Run C:\cygwin\cygwin.bat “As Administrator” and following command

cygrunsrv -h

Help should show up. If there is a problem at this point you have to re-install Cygwin.

It continues with the SSH configuration.

ssh-host-config

*** Query: Overwrite existing /etc/ssh_config file? (yes/no) yes

*** Query: Should StrictModes be used? (yes/no) yes

*** Query: Should privilege separation be used? (yes/no) yes

*** Query: new local account ‘sshd’? (yes/no) yes

*** Query: Do you want to install sshd as a service?

*** Query: (Say “no” if it is already installed as a service) (yes/no) yes

*** Query: Enter the value of CYGWIN for the daemon: [] binmode ntsec

*** Query: Do you want to use a different name? (yes/no) no

*** Query: Create new privileged user account ‘cyg_server’? (yes/no) yes

*** Query: Please enter the password: ******

*** Query: Reenter: ******

After entering cyrunsrv –S sshd the service should start.

The next step is to configure the user, who will finally access the machine over SSH. Whose login information will be deposited in the Enterprise Manager later. Therefore the access from the OEM server should be possible.

I’ve gone the easy way and installed Cygwin directly with the domain Oracle DBA User with administrative permissions. By doing this the user is already implemented. If you want to add another domain user enter the following code in the Cygwin command window:

/bin/mkpasswd -d -u oracle_dba >> /etc/passwd

mkdir -p /home/oracle_dba

chown oracle_dba /home/oracle_dba

For a local user –l instead of –d.

This is the step where you can work on the /etc/passwd and delete all unnecessary user and limit the access for Cygwin itself on a minimum. For that you have to backup C:\cygwin\etc\passwd and edit it directly or over Cygwin command line with vi /etc/passwd.
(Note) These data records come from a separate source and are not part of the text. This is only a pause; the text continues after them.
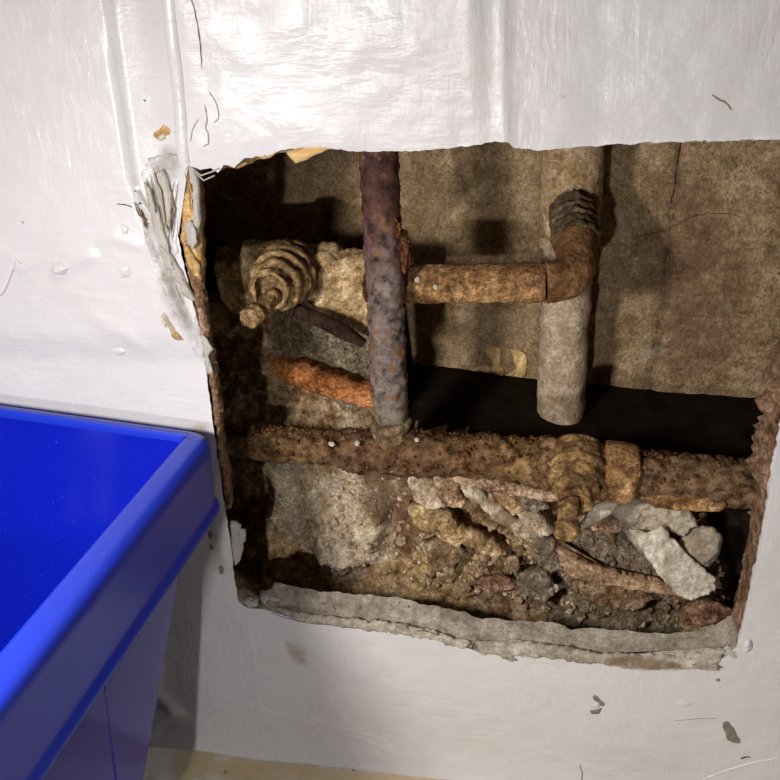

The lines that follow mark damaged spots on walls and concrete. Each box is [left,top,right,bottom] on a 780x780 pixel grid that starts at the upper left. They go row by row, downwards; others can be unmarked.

corrosion [393,216,413,276]
peeling [133,153,234,511]
peeling [230,520,246,565]
corrosion [366,474,415,554]
flaking render [579,501,619,530]
corrosion [638,493,728,512]
spalling [244,588,753,682]

In every case you have to enter following code:

chown oracle_dba /var/log/sshd.log

chown -R oracle_dba /var/empty

chown oracle_dba /etc/ssh*

chmod 755 /var/empty

chmod 644 /var/log/sshd.log

Depending on the version sshd.log doesn’t exist, which is negligible.
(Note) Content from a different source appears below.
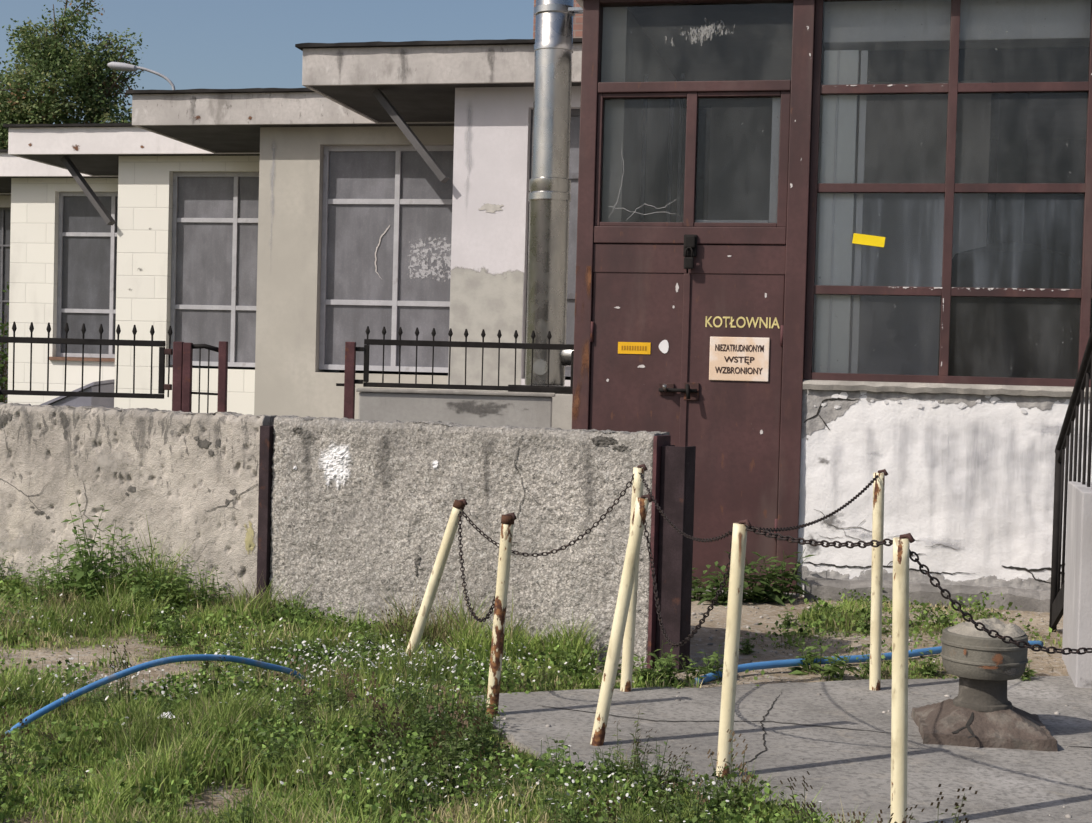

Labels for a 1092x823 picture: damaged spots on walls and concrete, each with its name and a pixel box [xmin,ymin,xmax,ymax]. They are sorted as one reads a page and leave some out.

After saving C:\cygwin\etc\sshd_config you have to add the following line in sshd_config folgende at the end:

KexAlgorithms diffie-hellman-group-exchange-sha1,diffie-hellman-group1-sha1

Hint: The file is much better readable with WordPad.

Change the Log On for the CYGWIN sshd service according to your access user. Services.msc > CYGWIN sshd > Properties > Log On

When the service starts properly you can test the access directly over the OEM server:

oracle@oem12c[DBOEM12C]% ssh -l oracle_dba flowers ‘date’

oracle_dba@flowers’s password:

Fri Dec 12 23:34:56 WEST 2014

After password prompt the date should show up. The SSH access works!

Agent deploy

Now to the real cause of our work: Agent Deploy.

Setup > Add Target > Add Targets Manually > Add Host Targets > Add Host …

Specify Host and Plattform > Next

IMPORTANT: Here it depends on the Named Credentials. Lower and Upper Case will be considered. The login information must be similar to the data deposited in the passwd (C:\cygwin\etc\passwd). You can freely choose the Installation Base Directory and the Instance Directory will be added automatically.
 

Deploy Agent

Congratulations!

Cygwin completely uninstalling

At the end a roll backwards. If you want to delete Cygwin start the setup.exe. Run through the setup until you reach the package selection and click next to All until Uninstall appears, Next, Next, Finish.

Unfortunately a rest of files lefts over. To clean that enter following commands:

C:\> takeown /f C:\cygwin /r /d y

C:\> icacls C:\cygwin /t /grant everyone:F

C:\> sc \\localhost delete sshd

Now you’re able to delete the Cygwin folder. The last crumbs are the local user cyg_server and sshd plus two registry entries under HKEY_CURRENT_USER\Software\Cygwin and HKEY_LOCAL_MACHINE\SOFTWARE\Cygwin, which you can safely delete.